Solución acuosa estabilizada de un coenzima para enzimas transmisores de hidrógeno, que se caracteriza por que la solución de NAD, NADP o de un derivado correspondiente en forma oxidada o reducida así como de uno o varios compuestos orgánicos o sales correspondientes consta de un valor pKa entre 1,5 y 6,0 y de ácido cítrico o de sal de citrato y de un compuesto de nitrógeno de fórmula general (I) **(Ver fórmula)** donde el radical R1 es hidrógeno, un grupo alquilo o arilo saturado o insaturado y los radicales R2 =R3 = H.

Description

Soluciones de coenzimas estabilizadas y su uso para la determinación de deshidrogenasas o bien sus sustratos.
La invención se refiere a soluciones acuosas estabilizadas de un coenzima para enzimas que llevan hidrógeno así como a su utilización para determinar un analito correspondiente (sustrato) en forma reducida o a la actividad enzimática de una deshidrogenasa correspondiente. La solución estabilizada contiene un compuesto orgánico o las sales respectivas con un valor de pKa entre 1,5 y 6,0 y/o un derivado de hidroxilamina.
La determinación de las actividades enzimáticas (o de las concentraciones de sustrato), en particular en suero sanguíneo o en plasma tiene un importante papel en el diagnóstico clínico químico. Frecuentemente se emplean para ello métodos analíticos que se basan en la reducción de la Nicotinamida-adenin-dinucleótido ("NAD") o bien Nicotinamida-adenin-dinucleótido-fosfato ("NADP") y en el registro fotométrico del cambio que ha tenido lugar en el comportamiento de la absorción en el campo de longitudes de onda ultravioleta (\lambda=334, 340 o 365 nm). Al elegir las condiciones de prueba adecuadas este cambio es linealmente proporcional a la actividad enzimática que se va a determinar (o bien a la concentración de sustrato).

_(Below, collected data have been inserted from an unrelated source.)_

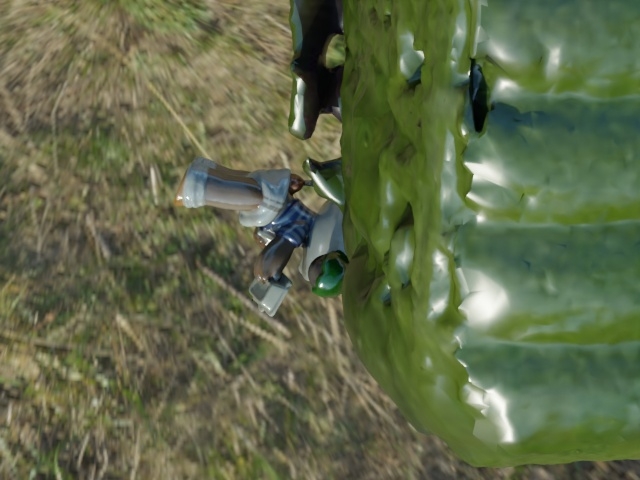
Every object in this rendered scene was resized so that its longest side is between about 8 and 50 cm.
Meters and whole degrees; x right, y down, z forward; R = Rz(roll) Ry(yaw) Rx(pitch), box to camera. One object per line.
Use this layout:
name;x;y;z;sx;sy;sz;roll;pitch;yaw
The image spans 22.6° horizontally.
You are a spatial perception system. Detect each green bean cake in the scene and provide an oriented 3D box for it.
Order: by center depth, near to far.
green bean cake;0.103;-0.088;0.771;0.218;0.319;0.335;-3;108;-5

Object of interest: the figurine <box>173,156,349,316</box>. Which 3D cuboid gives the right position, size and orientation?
figurine;0.000;0.001;1.054;0.197;0.147;0.093;10;104;1
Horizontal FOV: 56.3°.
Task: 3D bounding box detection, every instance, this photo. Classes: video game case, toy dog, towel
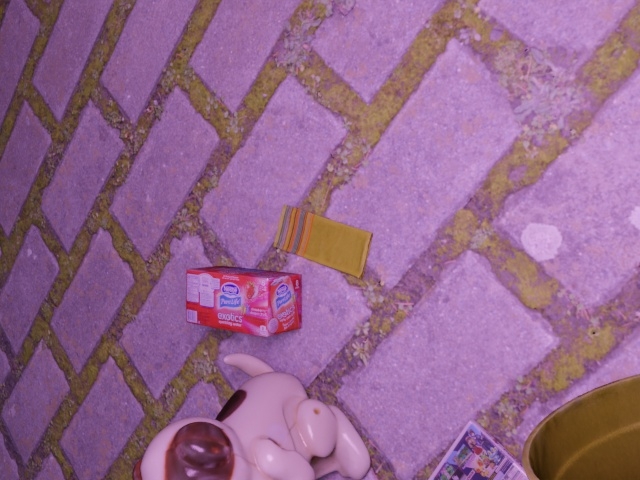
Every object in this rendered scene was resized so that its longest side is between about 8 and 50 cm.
[{"bbox_3d":[0.286,0.460,1.070,0.183,0.023,0.201,41,111,37],"label":"video game case"},{"bbox_3d":[-0.150,0.415,1.173,0.284,0.407,0.396,-29,76,33],"label":"toy dog"},{"bbox_3d":[0.000,0.000,1.281,0.237,0.021,0.102,19,104,34],"label":"towel"}]

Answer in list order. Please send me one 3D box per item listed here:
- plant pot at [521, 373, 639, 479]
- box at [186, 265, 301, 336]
[{"bbox_3d":[0.502,0.398,0.764,0.366,0.366,0.353,-22,91,35],"label":"plant pot"},{"bbox_3d":[-0.175,0.131,1.351,0.256,0.122,0.128,3,95,36],"label":"box"}]
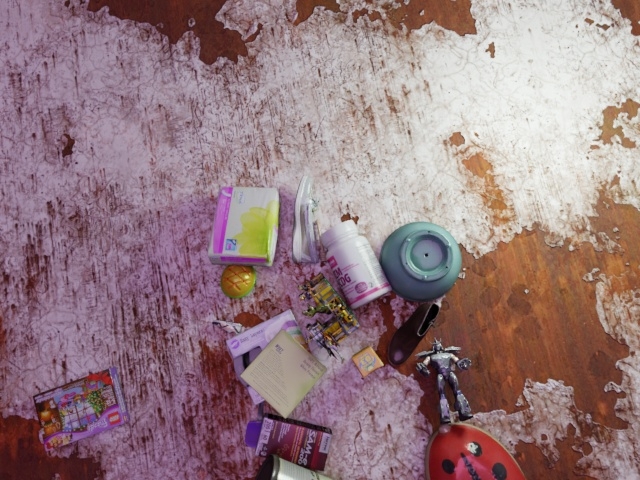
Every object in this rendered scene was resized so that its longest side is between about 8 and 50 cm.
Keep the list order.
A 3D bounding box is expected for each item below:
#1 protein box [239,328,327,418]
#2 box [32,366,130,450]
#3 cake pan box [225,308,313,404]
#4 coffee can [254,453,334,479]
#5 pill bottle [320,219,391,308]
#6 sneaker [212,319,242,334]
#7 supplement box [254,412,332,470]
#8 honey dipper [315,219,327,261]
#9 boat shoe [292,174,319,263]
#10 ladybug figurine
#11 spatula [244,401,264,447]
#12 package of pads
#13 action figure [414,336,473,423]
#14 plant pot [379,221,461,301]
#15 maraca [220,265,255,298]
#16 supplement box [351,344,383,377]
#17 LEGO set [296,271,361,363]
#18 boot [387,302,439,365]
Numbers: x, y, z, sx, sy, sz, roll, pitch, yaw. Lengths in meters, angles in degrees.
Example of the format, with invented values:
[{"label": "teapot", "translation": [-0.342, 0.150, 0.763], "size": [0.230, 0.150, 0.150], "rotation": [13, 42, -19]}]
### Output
[{"label": "protein box", "translation": [-0.121, 0.433, 1.668], "size": [0.199, 0.136, 0.201], "rotation": [41, 76, 5]}, {"label": "box", "translation": [-0.848, 0.595, 1.805], "size": [0.293, 0.057, 0.201], "rotation": [-20, 80, 0]}, {"label": "cake pan box", "translation": [-0.170, 0.406, 1.775], "size": [0.266, 0.070, 0.246], "rotation": [-24, 78, -11]}, {"label": "coffee can", "translation": [-0.069, 0.828, 1.612], "size": [0.275, 0.201, 0.202], "rotation": [26, 82, -9]}, {"label": "pill bottle", "translation": [0.118, 0.083, 1.784], "size": [0.160, 0.160, 0.283], "rotation": [-26, 79, -1]}, {"label": "sneaker", "translation": [-0.340, 0.312, 1.833], "size": [0.109, 0.040, 0.044], "rotation": [10, 83, 5]}, {"label": "supplement box", "translation": [-0.091, 0.681, 1.722], "size": [0.239, 0.073, 0.130], "rotation": [14, 83, -3]}, {"label": "honey dipper", "translation": [0.000, 0.000, 1.873], "size": [0.030, 0.030, 0.161], "rotation": [-12, 77, 1]}, {"label": "boat shoe", "translation": [-0.047, -0.076, 1.848], "size": [0.103, 0.118, 0.321], "rotation": [4, 84, -2]}, {"label": "ladybug figurine", "translation": [0.514, 0.803, 1.636], "size": [0.305, 0.162, 0.449], "rotation": [-34, 80, -2]}, {"label": "spatula", "translation": [-0.208, 0.573, 1.782], "size": [0.084, 0.030, 0.297], "rotation": [8, 77, -9]}, {"label": "package of pads", "translation": [-0.264, -0.054, 1.826], "size": [0.229, 0.101, 0.297], "rotation": [2, 64, 3]}, {"label": "action figure", "translation": [0.424, 0.462, 1.713], "size": [0.185, 0.099, 0.285], "rotation": [-13, 62, 5]}, {"label": "plant pot", "translation": [0.354, 0.062, 1.756], "size": [0.292, 0.196, 0.293], "rotation": [-1, 80, 4]}, {"label": "maraca", "translation": [-0.293, 0.122, 1.836], "size": [0.127, 0.099, 0.186], "rotation": [8, 63, 3]}, {"label": "supplement box", "translation": [0.154, 0.399, 1.690], "size": [0.078, 0.233, 0.080], "rotation": [-32, 80, -3]}, {"label": "LEGO set", "translation": [-0.006, 0.254, 1.703], "size": [0.192, 0.331, 0.255], "rotation": [-38, 101, -2]}, {"label": "boot", "translation": [0.308, 0.314, 1.709], "size": [0.090, 0.207, 0.249], "rotation": [33, 84, 8]}]
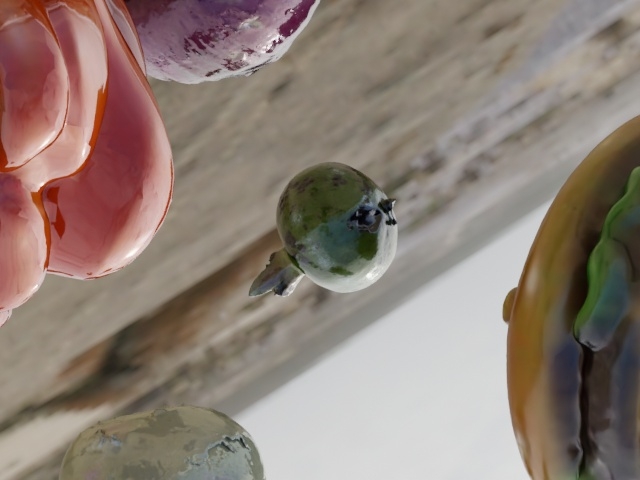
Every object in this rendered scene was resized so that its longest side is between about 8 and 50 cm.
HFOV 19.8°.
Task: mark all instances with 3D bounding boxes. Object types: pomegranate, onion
[{"bbox_3d":[0.000,0.000,1.664,0.161,0.122,0.122,-39,176,14],"label":"pomegranate"},{"bbox_3d":[-0.075,-0.185,1.149,0.177,0.153,0.177,-51,-156,34],"label":"onion"}]

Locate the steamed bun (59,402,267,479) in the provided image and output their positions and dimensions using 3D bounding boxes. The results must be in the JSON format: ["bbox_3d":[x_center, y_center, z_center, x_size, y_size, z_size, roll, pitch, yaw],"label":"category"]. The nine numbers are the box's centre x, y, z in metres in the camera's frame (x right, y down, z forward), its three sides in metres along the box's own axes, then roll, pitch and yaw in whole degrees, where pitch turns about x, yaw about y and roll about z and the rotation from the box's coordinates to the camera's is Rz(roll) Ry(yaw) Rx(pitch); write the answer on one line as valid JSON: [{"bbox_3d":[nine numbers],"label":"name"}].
[{"bbox_3d":[-0.084,0.153,1.073,0.091,0.113,0.130,-14,168,43],"label":"steamed bun"}]

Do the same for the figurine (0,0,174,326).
[{"bbox_3d":[-0.242,-0.059,0.489,0.306,0.241,0.411,-1,-176,33],"label":"figurine"}]

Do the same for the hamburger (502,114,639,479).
[{"bbox_3d":[0.327,0.070,1.511,0.277,0.396,0.395,15,-147,41],"label":"hamburger"}]
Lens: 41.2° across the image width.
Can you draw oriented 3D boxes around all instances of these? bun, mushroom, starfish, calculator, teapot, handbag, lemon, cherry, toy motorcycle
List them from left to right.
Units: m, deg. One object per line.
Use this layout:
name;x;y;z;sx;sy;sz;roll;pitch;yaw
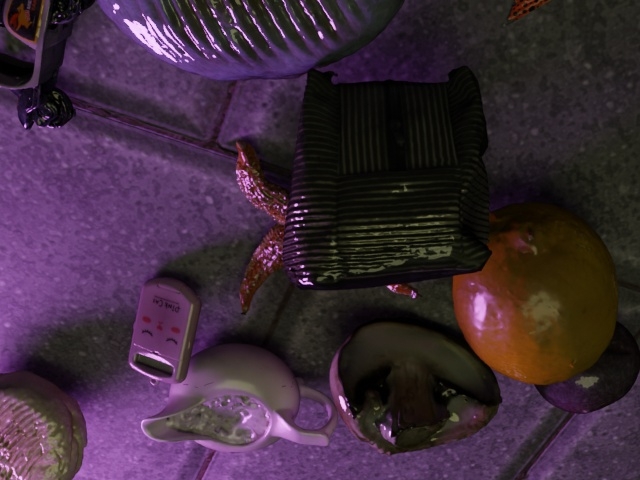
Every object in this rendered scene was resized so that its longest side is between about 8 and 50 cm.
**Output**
toy motorcycle;-0.358;-0.256;1.027;0.157;0.091;0.263;19;122;-5
bun;-0.482;0.313;1.409;0.220;0.134;0.221;2;100;10
calculator;-0.239;0.141;1.304;0.100;0.032;0.175;17;102;17
teapot;-0.120;0.264;1.372;0.299;0.166;0.209;6;115;7
bun;-0.072;-0.331;0.886;0.361;0.211;0.362;9;134;9
starfish;0.026;-0.002;1.215;0.293;0.084;0.302;2;120;-2
handbag;0.074;-0.063;1.000;0.247;0.341;0.240;-3;85;-1
mushroom;0.128;0.238;1.340;0.266;0.190;0.164;-7;145;-26
lemon;0.299;0.074;1.189;0.235;0.236;0.263;7;119;-6
cherry;0.412;0.202;1.338;0.176;0.140;0.176;-10;135;-10

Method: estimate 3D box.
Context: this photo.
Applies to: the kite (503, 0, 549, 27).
kite;0.308;-0.350;1.016;0.125;0.008;0.222;5;126;-7
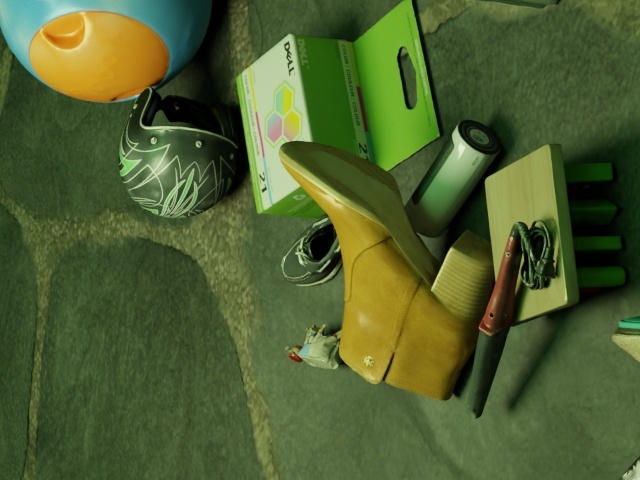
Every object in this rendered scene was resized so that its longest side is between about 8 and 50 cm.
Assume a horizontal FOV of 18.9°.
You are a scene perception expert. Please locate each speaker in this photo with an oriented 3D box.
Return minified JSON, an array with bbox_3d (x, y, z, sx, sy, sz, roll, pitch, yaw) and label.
[{"bbox_3d":[0.144,-0.066,2.114,0.136,0.055,0.055,-58,44,37],"label":"speaker"}]

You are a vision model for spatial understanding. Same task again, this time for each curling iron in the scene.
[{"bbox_3d":[0.184,0.087,1.963,0.274,0.035,0.068,107,154,-42],"label":"curling iron"}]

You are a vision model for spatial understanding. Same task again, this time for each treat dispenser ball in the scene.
[{"bbox_3d":[-0.288,-0.327,2.556,0.288,0.288,0.288,-5,84,56],"label":"treat dispenser ball"}]

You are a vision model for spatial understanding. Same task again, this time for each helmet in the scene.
[{"bbox_3d":[-0.186,-0.109,2.510,0.169,0.169,0.161,-56,30,38],"label":"helmet"}]

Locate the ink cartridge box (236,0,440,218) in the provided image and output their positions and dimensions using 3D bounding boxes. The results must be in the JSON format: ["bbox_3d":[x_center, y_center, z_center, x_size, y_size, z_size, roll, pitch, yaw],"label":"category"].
[{"bbox_3d":[0.016,-0.160,2.270,0.255,0.097,0.189,-34,60,50],"label":"ink cartridge box"}]

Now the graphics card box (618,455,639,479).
[{"bbox_3d":[0.337,0.406,1.742,0.233,0.094,0.371,-56,40,34],"label":"graphics card box"}]

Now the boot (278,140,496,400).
[{"bbox_3d":[0.048,0.039,2.123,0.295,0.104,0.211,32,123,17],"label":"boot"}]

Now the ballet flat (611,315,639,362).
[{"bbox_3d":[0.381,0.110,1.715,0.316,0.107,0.106,-10,87,57],"label":"ballet flat"}]

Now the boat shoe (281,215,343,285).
[{"bbox_3d":[0.000,0.000,2.312,0.206,0.065,0.075,-33,62,51],"label":"boat shoe"}]

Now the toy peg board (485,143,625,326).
[{"bbox_3d":[0.243,-0.003,1.963,0.160,0.079,0.161,148,119,-68],"label":"toy peg board"}]

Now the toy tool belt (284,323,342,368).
[{"bbox_3d":[0.000,0.126,2.330,0.083,0.052,0.051,4,60,53],"label":"toy tool belt"}]

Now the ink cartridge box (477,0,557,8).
[{"bbox_3d":[0.193,-0.398,1.908,0.307,0.223,0.129,-60,42,34],"label":"ink cartridge box"}]
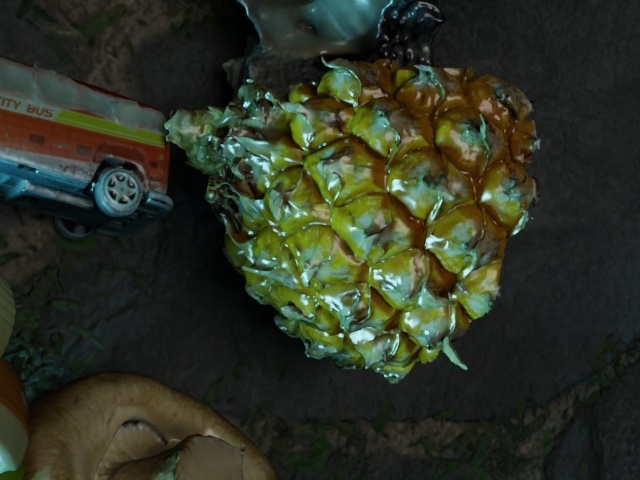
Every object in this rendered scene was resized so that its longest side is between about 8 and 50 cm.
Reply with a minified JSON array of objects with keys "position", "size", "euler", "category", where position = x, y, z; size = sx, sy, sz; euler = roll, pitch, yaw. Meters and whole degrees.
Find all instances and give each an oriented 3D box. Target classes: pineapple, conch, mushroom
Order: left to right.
[{"position":[-0.141,0.230,1.111],"size":[0.278,0.146,0.278],"euler":[32,32,-24],"category":"mushroom"},{"position":[-0.003,-0.001,1.124],"size":[0.286,0.344,0.209],"euler":[18,39,-20],"category":"pineapple"},{"position":[0.002,-0.174,1.266],"size":[0.241,0.186,0.313],"euler":[-21,117,-22],"category":"conch"}]

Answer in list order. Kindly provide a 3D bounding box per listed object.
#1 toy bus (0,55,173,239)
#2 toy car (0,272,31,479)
[{"position":[-0.259,-0.086,1.122],"size":[0.265,0.121,0.120],"euler":[16,69,-28],"category":"toy bus"},{"position":[-0.330,0.098,1.026],"size":[0.235,0.235,0.145],"euler":[-57,144,-22],"category":"toy car"}]
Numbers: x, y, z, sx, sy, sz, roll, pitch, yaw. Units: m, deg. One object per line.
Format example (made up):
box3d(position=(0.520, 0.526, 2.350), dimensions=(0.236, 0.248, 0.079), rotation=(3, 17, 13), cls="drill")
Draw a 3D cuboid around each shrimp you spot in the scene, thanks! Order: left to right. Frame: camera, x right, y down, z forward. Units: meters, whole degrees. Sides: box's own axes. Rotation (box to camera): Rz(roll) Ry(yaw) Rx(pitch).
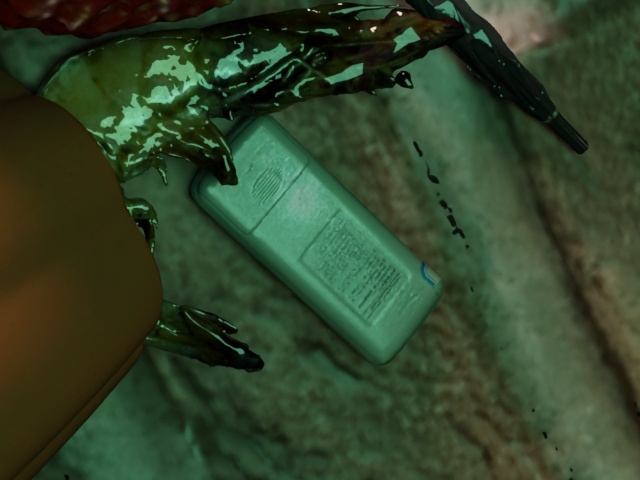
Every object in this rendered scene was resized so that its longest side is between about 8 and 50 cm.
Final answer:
box3d(position=(-0.023, -0.023, 0.786), dimensions=(0.195, 0.035, 0.147), rotation=(-13, 82, -8), cls="shrimp")

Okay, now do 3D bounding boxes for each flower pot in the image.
box3d(position=(-0.162, 0.030, 0.685), dimensions=(0.173, 0.191, 0.190), rotation=(-32, 107, -33), cls="flower pot")

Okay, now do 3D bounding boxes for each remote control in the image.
box3d(position=(0.000, 0.000, 0.831), dimensions=(0.124, 0.018, 0.053), rotation=(42, 77, -19), cls="remote control")

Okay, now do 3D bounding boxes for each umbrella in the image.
box3d(position=(0.037, -0.126, 0.829), dimensions=(0.269, 0.044, 0.044), rotation=(38, 106, -23), cls="umbrella")

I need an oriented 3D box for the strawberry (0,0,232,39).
box3d(position=(-0.081, -0.211, 0.672), dimensions=(0.288, 0.250, 0.238), rotation=(36, 44, -35), cls="strawberry")
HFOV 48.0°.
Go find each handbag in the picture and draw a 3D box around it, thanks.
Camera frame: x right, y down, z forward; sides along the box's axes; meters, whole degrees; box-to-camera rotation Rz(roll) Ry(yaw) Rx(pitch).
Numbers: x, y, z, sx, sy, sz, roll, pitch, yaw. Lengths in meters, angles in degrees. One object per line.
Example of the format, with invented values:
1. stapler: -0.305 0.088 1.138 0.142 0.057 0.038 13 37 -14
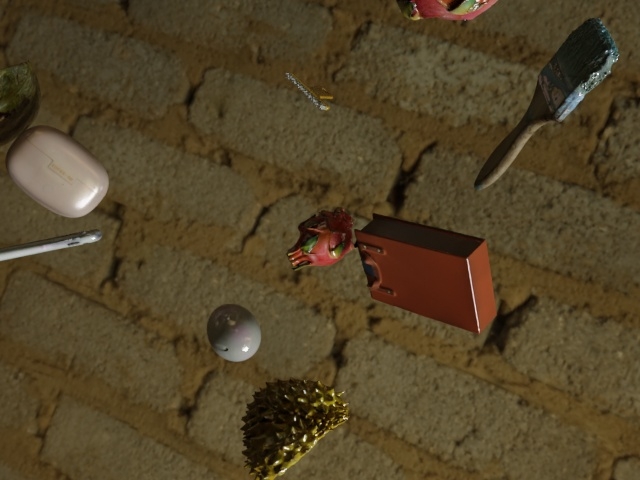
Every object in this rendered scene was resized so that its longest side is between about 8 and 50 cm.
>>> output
1. handbag: 0.139 0.041 0.976 0.190 0.063 0.127 14 133 41

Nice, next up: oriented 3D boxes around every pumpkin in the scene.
1. pumpkin: -0.636 -0.273 1.458 0.169 0.148 0.312 -10 -157 26

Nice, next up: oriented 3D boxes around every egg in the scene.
1. egg: -0.172 0.180 1.421 0.103 0.103 0.135 23 -165 -38

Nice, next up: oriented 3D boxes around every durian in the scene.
1. durian: -0.055 0.309 1.167 0.132 0.165 0.182 19 160 -40

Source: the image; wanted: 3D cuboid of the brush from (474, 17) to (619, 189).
1. brush: 0.196 -0.111 0.657 0.021 0.196 0.070 14 -133 -18

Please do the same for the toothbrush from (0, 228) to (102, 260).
1. toothbrush: -0.494 0.020 0.967 0.418 0.040 0.042 -11 -171 7

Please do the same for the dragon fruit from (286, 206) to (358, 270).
1. dragon fruit: -0.001 0.001 1.093 0.081 0.116 0.086 57 170 -21

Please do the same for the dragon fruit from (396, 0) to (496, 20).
1. dragon fruit: 0.244 -0.561 1.385 0.290 0.291 0.189 22 -155 27

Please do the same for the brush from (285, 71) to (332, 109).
1. brush: -0.009 -0.315 1.525 0.103 0.013 0.272 44 -164 -1

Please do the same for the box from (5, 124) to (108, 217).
1. box: -0.526 -0.137 1.443 0.200 0.146 0.088 41 178 -28
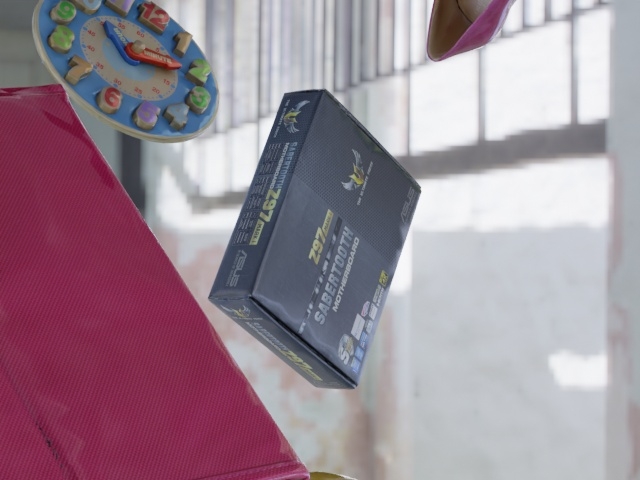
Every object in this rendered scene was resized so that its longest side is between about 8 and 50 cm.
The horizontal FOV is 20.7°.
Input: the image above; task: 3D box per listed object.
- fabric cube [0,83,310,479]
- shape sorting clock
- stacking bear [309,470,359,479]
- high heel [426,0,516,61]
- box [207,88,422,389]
[{"bbox_3d":[-0.212,0.102,0.818,0.259,0.258,0.254,-4,139,-44],"label":"fabric cube"},{"bbox_3d":[-0.188,-0.179,1.724,0.206,0.206,0.040,3,138,-45],"label":"shape sorting clock"},{"bbox_3d":[-0.007,0.230,1.181,0.289,0.164,0.175,25,-177,37],"label":"stacking bear"},{"bbox_3d":[0.129,-0.239,1.489,0.082,0.117,0.244,43,170,13],"label":"high heel"},{"bbox_3d":[0.000,0.000,1.679,0.059,0.233,0.183,-3,147,39],"label":"box"}]

Para determinar la actividad enzimática de la lactatodeshidrogensasa (LDH, E.C.1.1.1.127) se recomienda hoy en día el método descrito en Eur. J. Clin. Chem. Clin. Biochem. 31, 897 (1994) y Eur. J. Clin. Chem. Clin. Biochem. 32, 639 (1994). El principio de análisis prevé la oxidación de lactato a piruvato bajo la reducción simultánea de un coenzima como el NAD o NADP a NADH o NADPH. Dicha reacción - como aquí por ejemplo la catalizada por LDH - tiene lugar en un medio alcalino (pH 9,4). Esta inestabilidad se exterioriza en un aumento moderadamente rápido de la extinción (del llamado valor blanco reactivo), en un margen de longitudes de onda correspondiente a la medición, de manera que transcurrido poco tiempo (3 meses) incluso en el almacenamiento en frío (2 hasta 8ºC) la combinación de reactivos es inútil. Este problema se plantea en especial para la fabricación de reactivos líquidos estables durante largo tiempo, preparados para el uso, que deben facilitar al usuario una realización a ser posible segura y simple de los análisis en la rutina diaria.
De la JP 84/82398 se conoce un método para la estabilización de coenzimas acuosos, utilizando formadores de quelatos y azidas. Sin embargo, el inconveniente de este método es que se requiere la adición de azida y el anión azida se ha clasificado como cancerígeno en la actualidad y además tiene un efecto inhibidor de muchas enzimas.
Se sabe además como estabilizar soluciones de coenzimas mediante la adición de sales de metales pesados, por ejemplo, en forma de iones de cobre (II) y de este modo contrarrestar un incremento del valor del blanco de reactivos (DE 195 43 493 o bien EP 0 804 610) Para un periodo de almacenamiento más largo o bien para temperaturas de almacenamiento superiores (incluso a partir de 10ºC) se pueden formar productos de degradación que inhiban la enzima deshidrogenasa que se va a determinar y por tanto produzcan valores de medición inferiores. Un reactivo estabilizable durante un periodo de tiempo largo (3 y más meses) con una calidad uniforme, donde entre otras cosas se puedan evitar las calibraciones reiteradas, no se encuentra disponible en la actualidad.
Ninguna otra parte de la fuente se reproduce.